I wanted to draw attention to this to seek to make it attractive to us—to walk with God.

Enoch would enjoy God’s company and God would enjoy his; God enjoyed it so much that He translated him. It

says in Hebrews that “before his translation he has the testimony that he had pleased God”

(Hebrews 11: 5). We are on the eve of translation, beloved brethren. I wonder if we all have that testimony before our translation that we please God, and do not please ourselves. If we are to walk and please God it means that in some sense we walk as Jesus walked, the One that pleased not Himself, but always did those things that were pleasing to the Father. It is possible in the power of the Holy Spirit to walk and please God, and to have God’s approval.

I just commend this; this is something to be known, it is something to be enjoyed.
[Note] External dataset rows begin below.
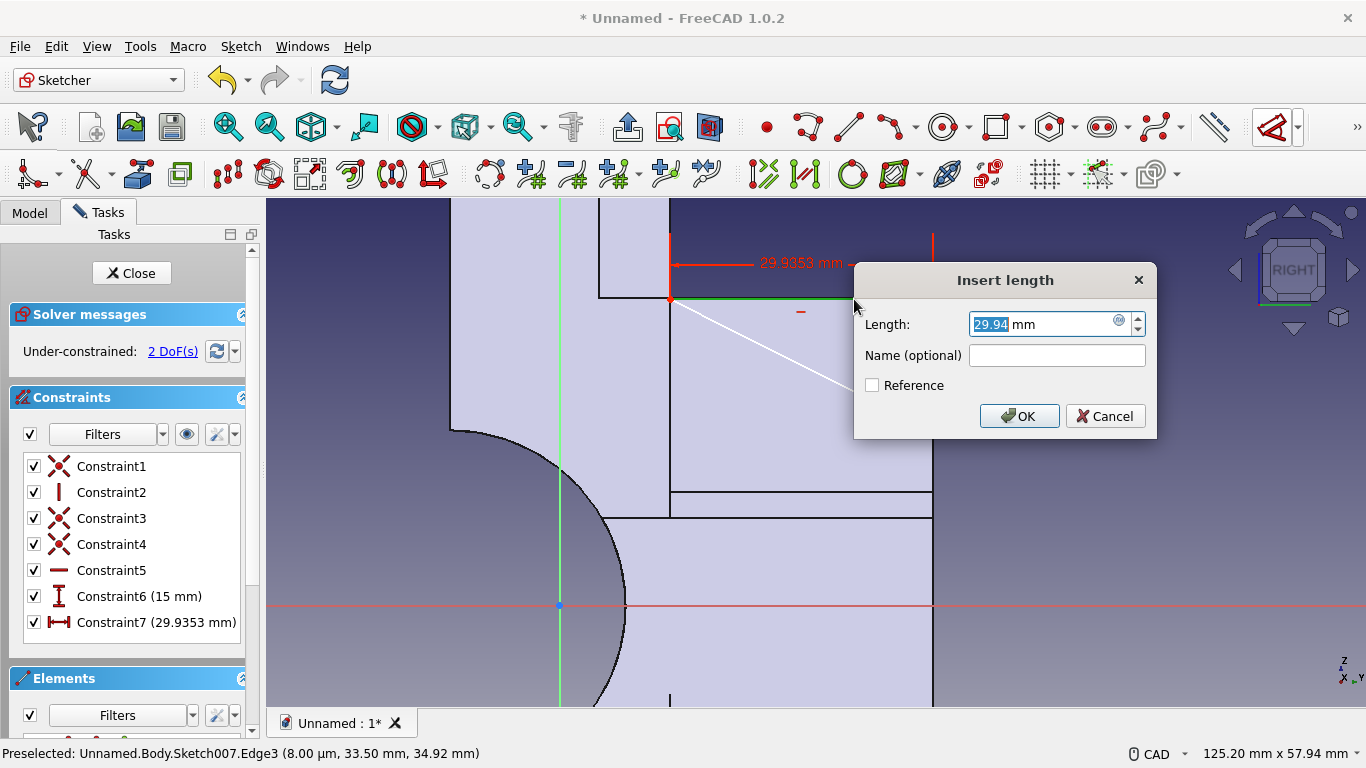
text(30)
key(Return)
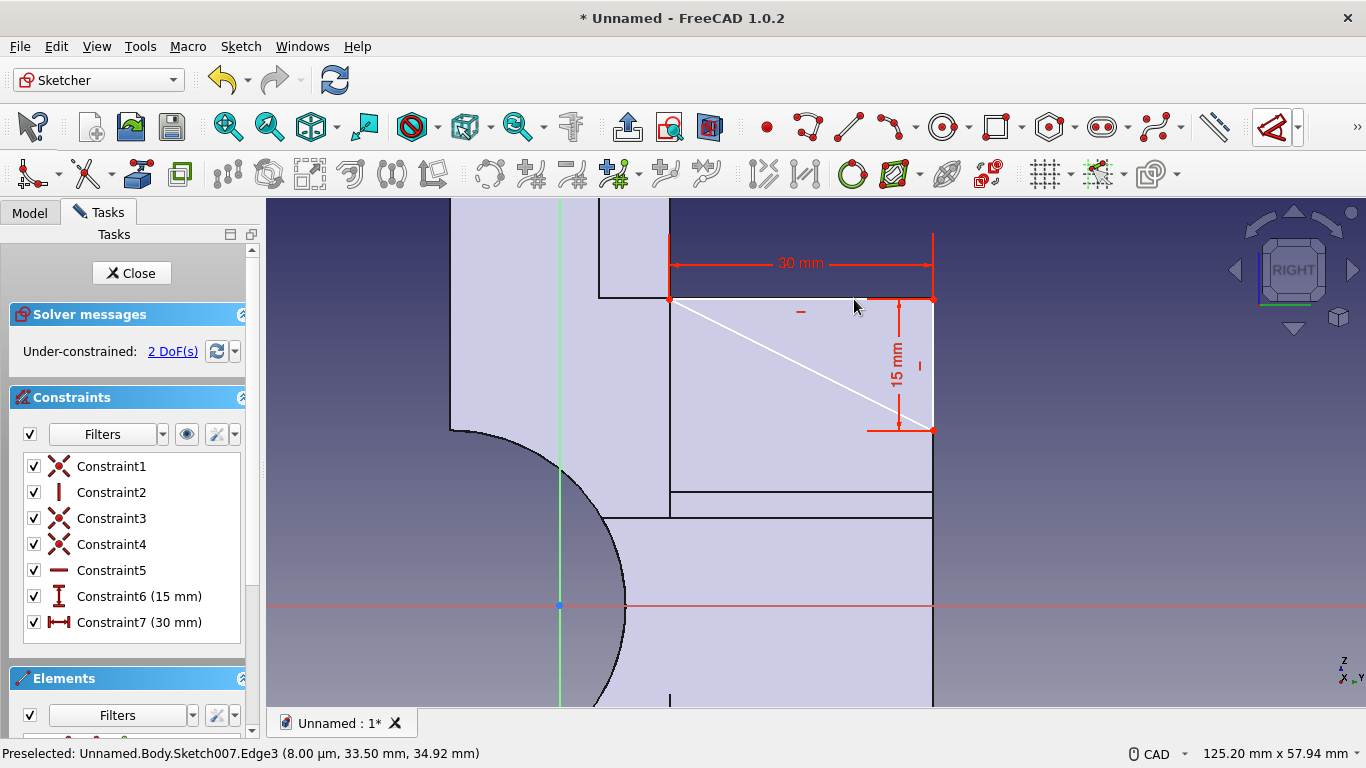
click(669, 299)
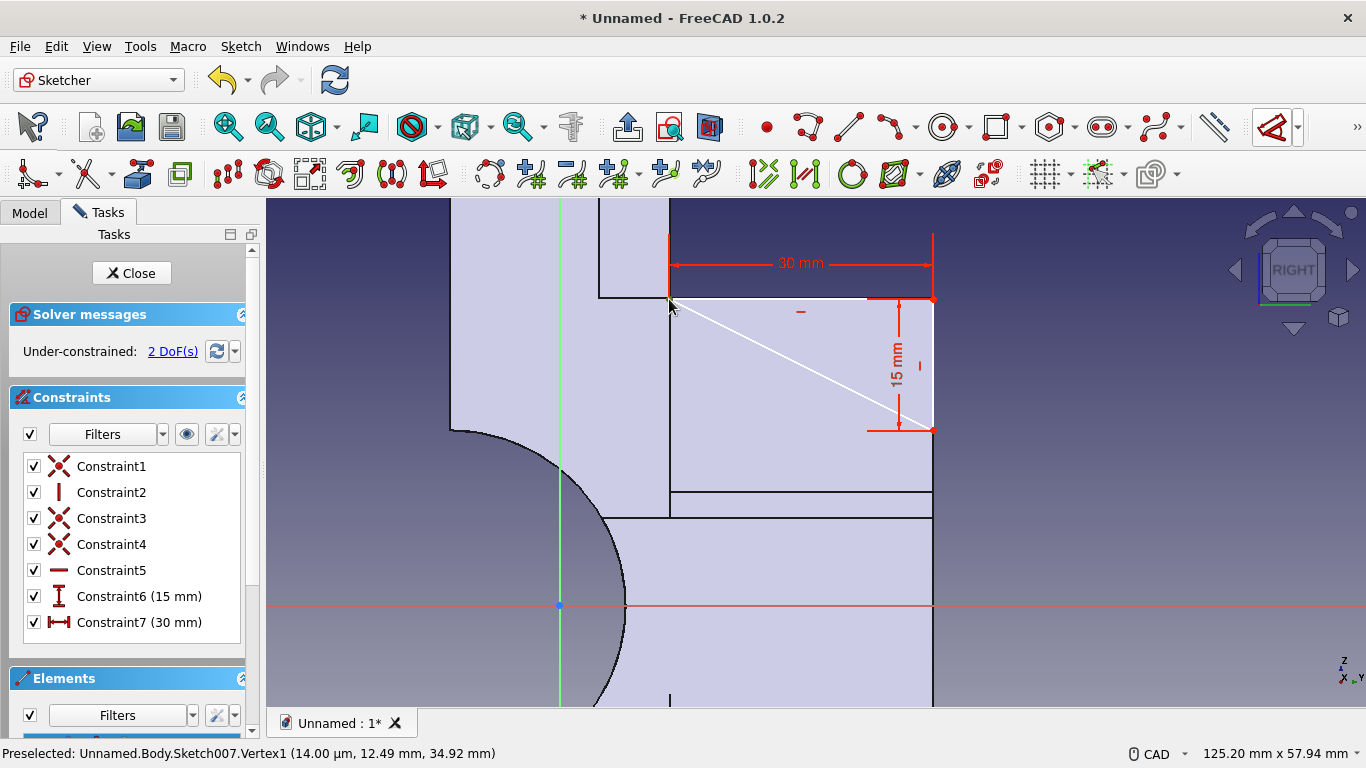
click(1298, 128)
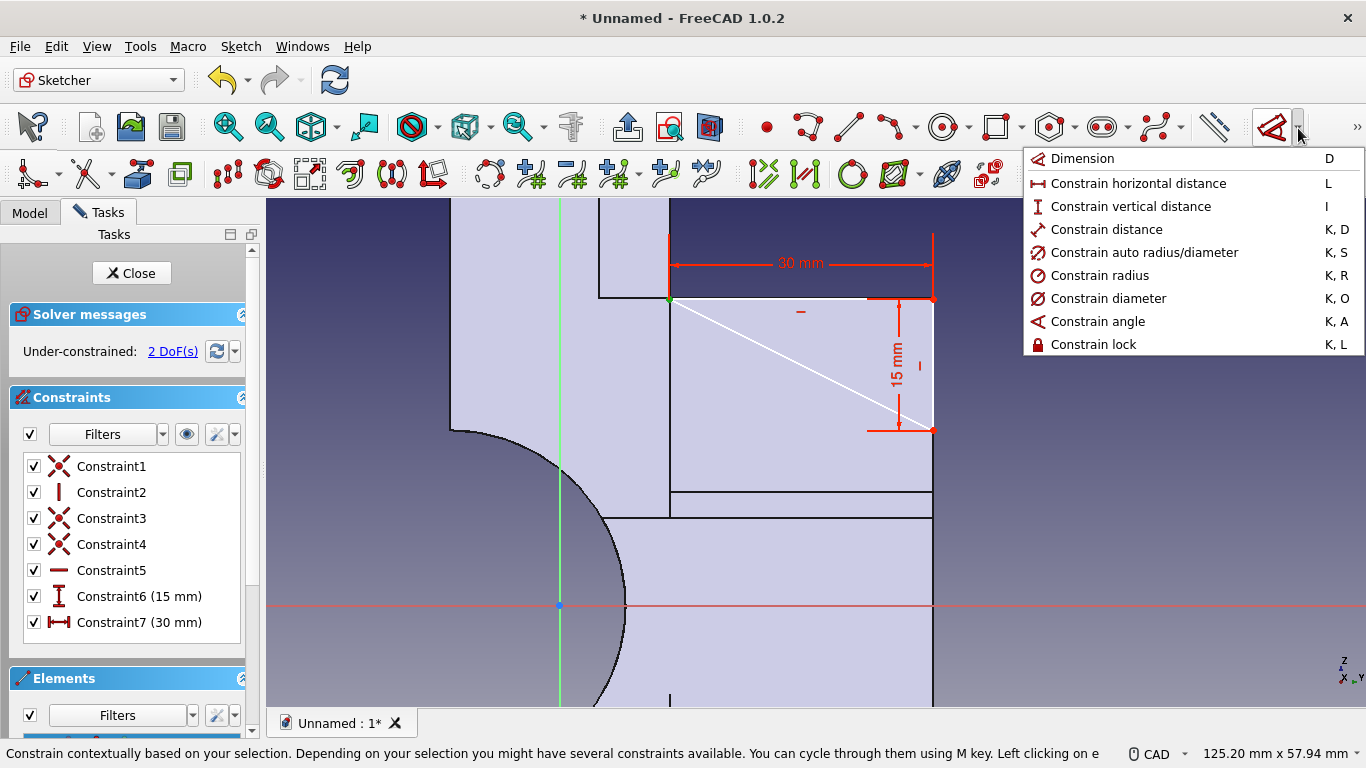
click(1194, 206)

I am sure Enoch did not have any regrets at not going along the line of Cain and his world. He walked with God and he had the assurance that he was pleasing to Him.

Well, beloved brethren, I just commend this to us, to be apart from things here, but to move in the power of the Spirit; to enjoy God’s love and to answer to it. The Holy Spirit initially sheds abroad in our hearts the love of God, but He is the power for the enjoyment of our relationship with God. Well, I feel the challenge of it, but in any little measure that I have experienced it I know the enjoyment of it, and may we all know it in an increased way, in the Lord’s name.